Stored entries
◆ ◆ ◆ ◆ ◆
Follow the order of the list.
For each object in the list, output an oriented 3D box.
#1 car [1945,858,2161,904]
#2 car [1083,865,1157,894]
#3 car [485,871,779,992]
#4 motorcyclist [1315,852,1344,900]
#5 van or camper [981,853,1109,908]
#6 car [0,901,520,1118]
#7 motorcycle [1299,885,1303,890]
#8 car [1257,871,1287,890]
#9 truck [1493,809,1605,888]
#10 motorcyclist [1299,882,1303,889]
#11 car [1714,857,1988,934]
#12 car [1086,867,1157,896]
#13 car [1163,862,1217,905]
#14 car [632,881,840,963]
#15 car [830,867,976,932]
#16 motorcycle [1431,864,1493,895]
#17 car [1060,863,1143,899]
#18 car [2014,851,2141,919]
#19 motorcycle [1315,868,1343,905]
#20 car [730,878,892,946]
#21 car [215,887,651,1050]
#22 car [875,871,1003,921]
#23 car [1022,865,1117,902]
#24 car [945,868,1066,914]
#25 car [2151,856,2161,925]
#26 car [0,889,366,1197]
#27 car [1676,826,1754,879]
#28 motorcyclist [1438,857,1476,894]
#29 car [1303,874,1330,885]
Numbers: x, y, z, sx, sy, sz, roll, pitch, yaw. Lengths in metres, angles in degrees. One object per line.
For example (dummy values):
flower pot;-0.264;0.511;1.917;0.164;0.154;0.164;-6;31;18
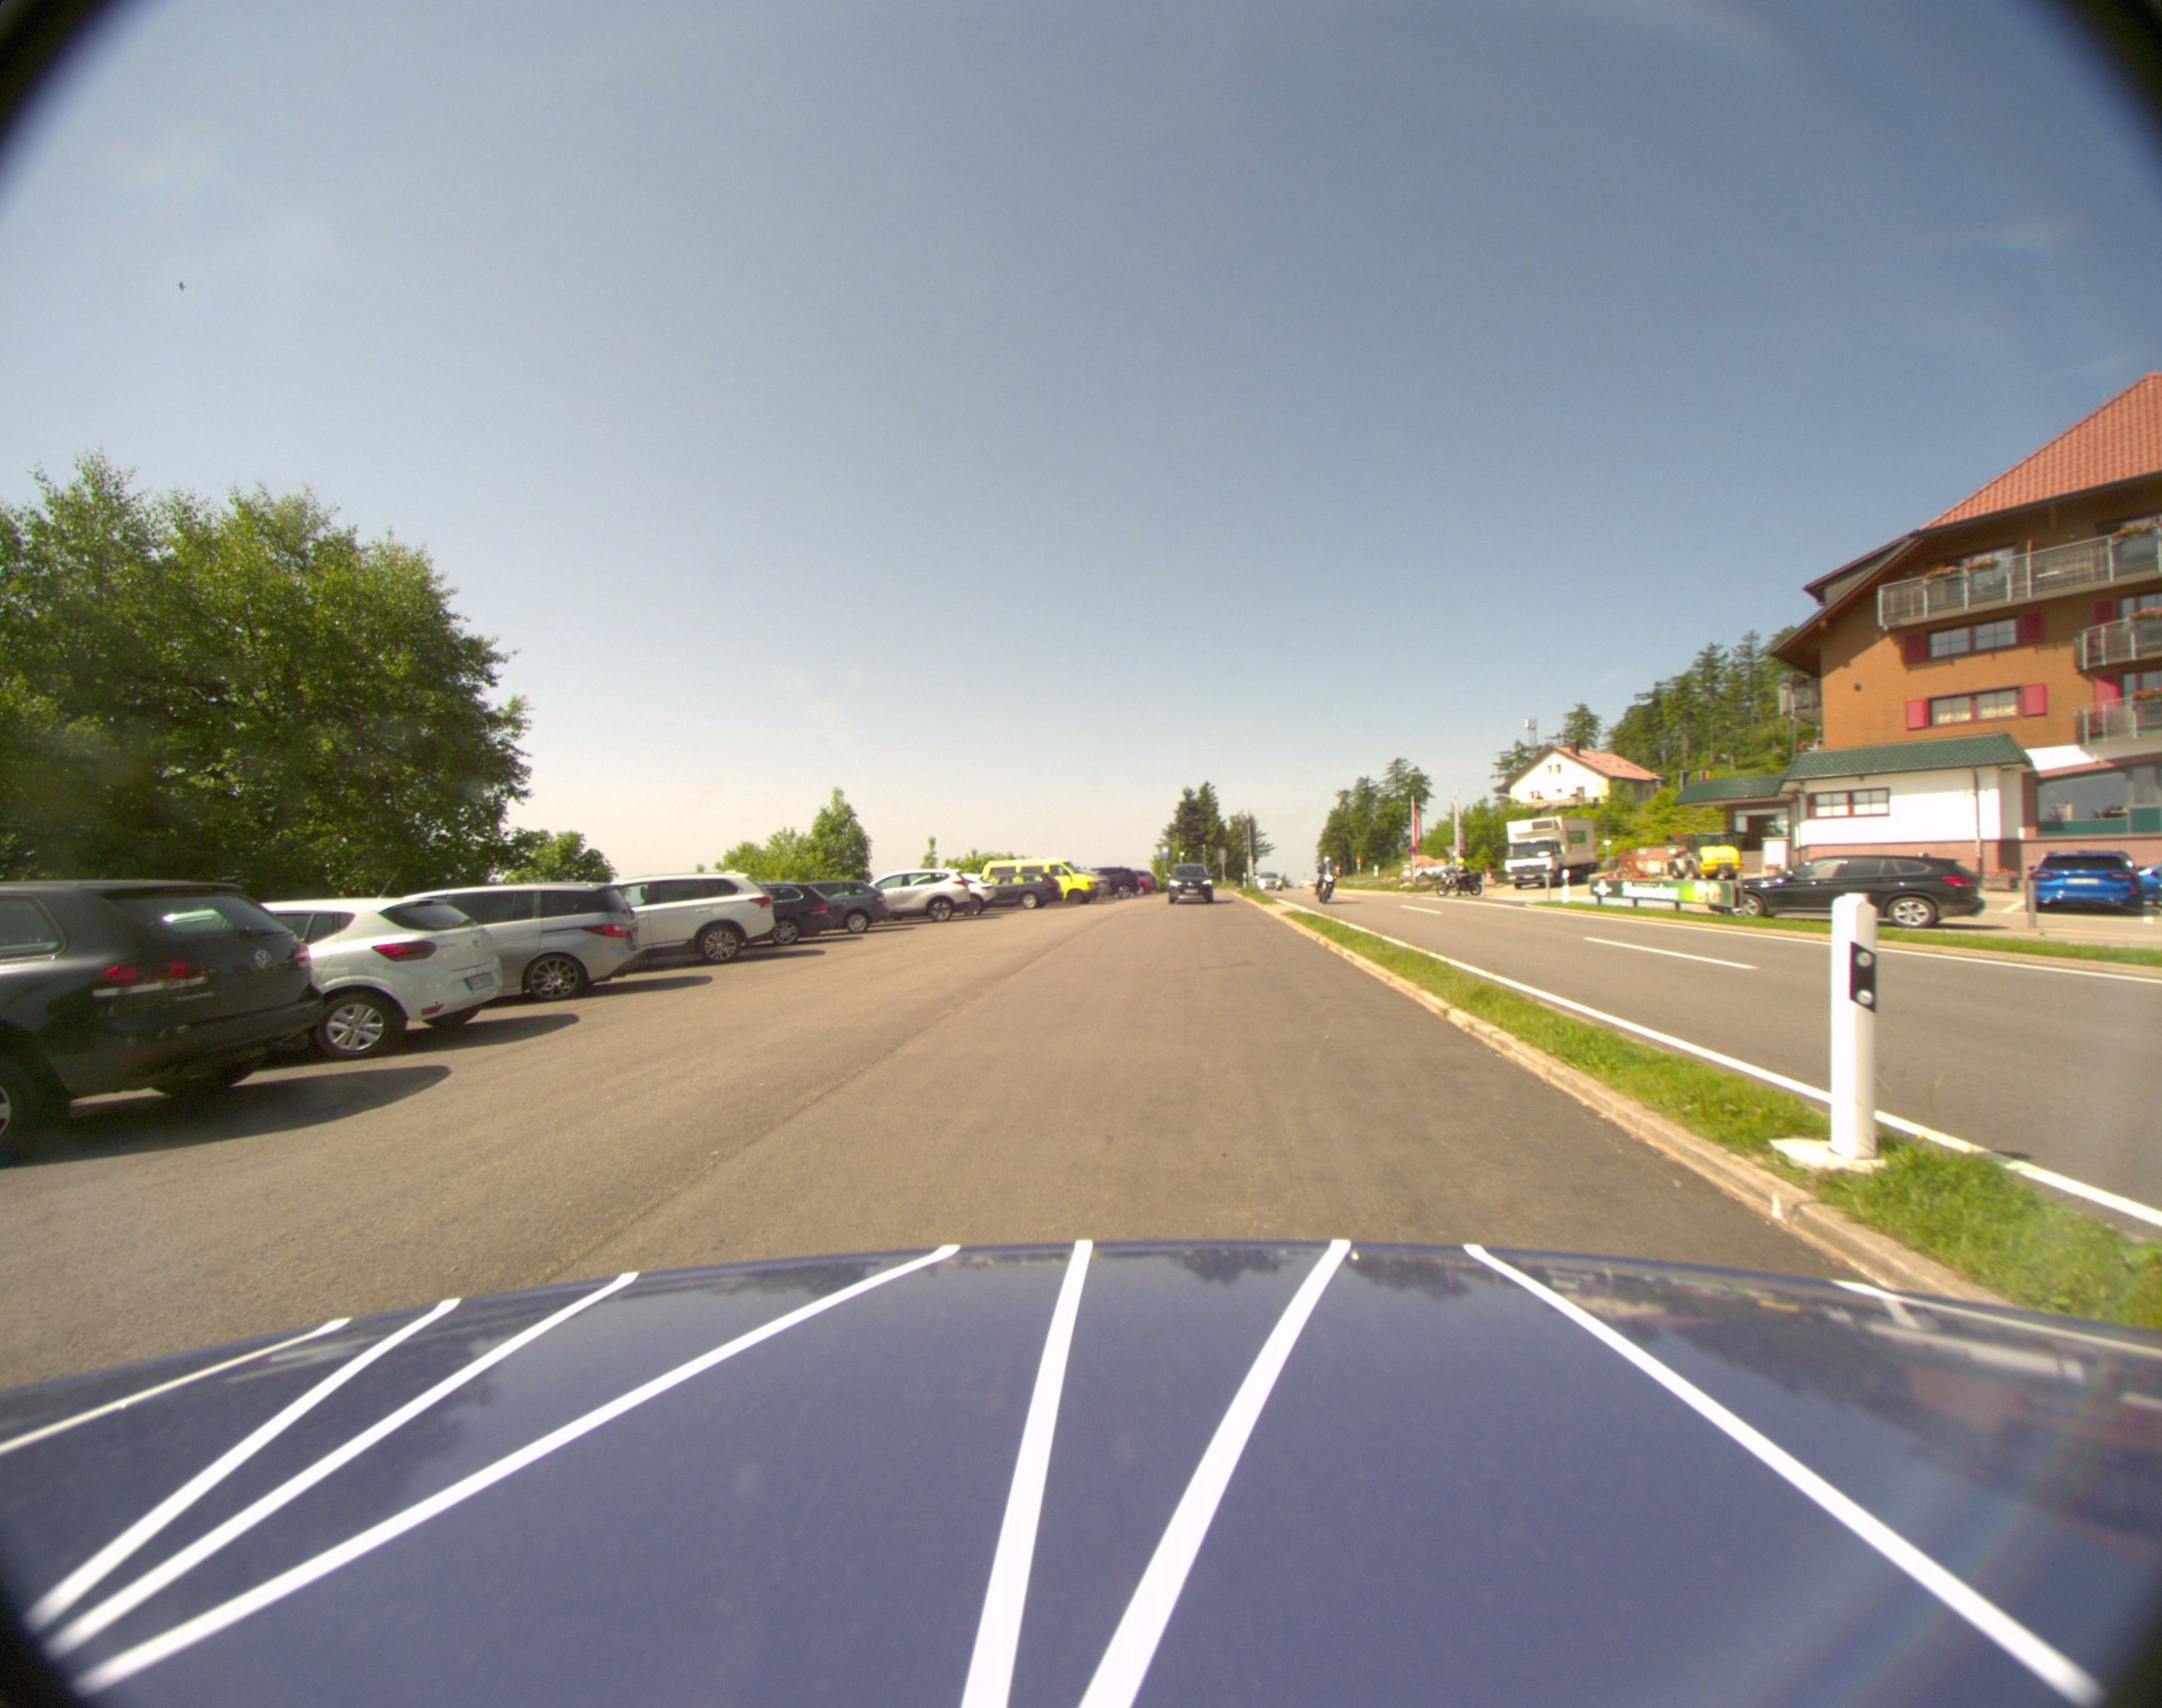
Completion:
car;29.678;0.811;23.323;1.717;1.289;3.990;1;-2;-34
car;2.409;1.605;47.240;4.407;1.558;1.909;-3;-2;3
car;-7.856;1.274;13.701;4.233;1.684;1.860;-3;-1;-29
motorcyclist;9.213;0.793;28.110;0.924;1.707;1.454;-1;0;21
van or camper;-1.525;1.155;32.668;5.098;2.001;1.884;-4;-2;13
car;-8.132;1.368;7.263;4.002;1.467;1.765;-3;0;-16
motorcycle;52.185;7.925;180.262;0.812;1.258;2.331;0;-1;21
car;14.442;1.989;57.601;1.779;1.448;4.004;0;-1;9
truck;26.382;-0.345;42.610;8.789;3.948;3.062;-2;-2;-44
motorcyclist;52.177;7.464;180.223;0.879;1.631;1.302;0;-1;20
car;17.488;0.884;17.461;1.811;1.531;4.182;1;-2;-36
car;2.345;1.620;44.674;3.997;1.500;1.843;-2;-2;-1
car;4.475;1.160;30.735;1.983;1.607;4.153;-1;-1;10
car;-7.738;1.477;17.453;4.054;1.452;1.892;-3;0;-20
car;-5.472;1.368;23.737;4.186;1.640;1.890;-4;0;-11
motorcycle;18.063;1.184;36.090;2.443;1.398;1.006;-1;0;-2
car;1.043;1.333;38.036;3.996;1.603;1.917;-2;-1;4
car;27.005;0.758;20.613;4.554;1.654;1.935;0;-1;-37
motorcycle;9.203;1.170;28.126;0.877;1.249;2.281;-1;0;21
car;-7.030;1.490;20.131;3.808;1.450;1.661;-3;-1;-14
car;-8.180;1.348;10.143;4.004;1.539;1.817;-3;0;-24
car;-4.885;1.441;26.633;4.097;1.491;1.943;-2;0;-3
car;-0.514;1.402;35.966;4.157;1.579;1.707;-3;-1;12
car;-2.927;1.442;29.946;4.359;1.478;1.814;-4;-2;6
car;26.236;0.838;17.362;4.008;1.536;1.995;1;-2;-35
car;-7.867;1.230;4.861;4.276;1.684;1.988;-3;0;-17
car;31.301;0.000;37.647;1.995;2.480;4.008;0;-1;25
motorcyclist;17.859;1.028;36.104;1.247;1.709;1.064;-1;0;-2
car;46.152;4.983;148.836;4.724;1.870;1.934;2;-1;12
◆ ◆ ◆ ◆ ◆
■ Assignment ■
One stretch of the lines above is wanted, from the line that contains "#11 car [1714,857,1988,934]" through the line that contains "For example (dummy". Output it exactly.

■ Result of this exercise ■
#11 car [1714,857,1988,934]
#12 car [1086,867,1157,896]
#13 car [1163,862,1217,905]
#14 car [632,881,840,963]
#15 car [830,867,976,932]
#16 motorcycle [1431,864,1493,895]
#17 car [1060,863,1143,899]
#18 car [2014,851,2141,919]
#19 motorcycle [1315,868,1343,905]
#20 car [730,878,892,946]
#21 car [215,887,651,1050]
#22 car [875,871,1003,921]
#23 car [1022,865,1117,902]
#24 car [945,868,1066,914]
#25 car [2151,856,2161,925]
#26 car [0,889,366,1197]
#27 car [1676,826,1754,879]
#28 motorcyclist [1438,857,1476,894]
#29 car [1303,874,1330,885]
Numbers: x, y, z, sx, sy, sz, roll, pitch, yaw. Lengths in metres, angles in degrees. One object per line.
For example (dummy values):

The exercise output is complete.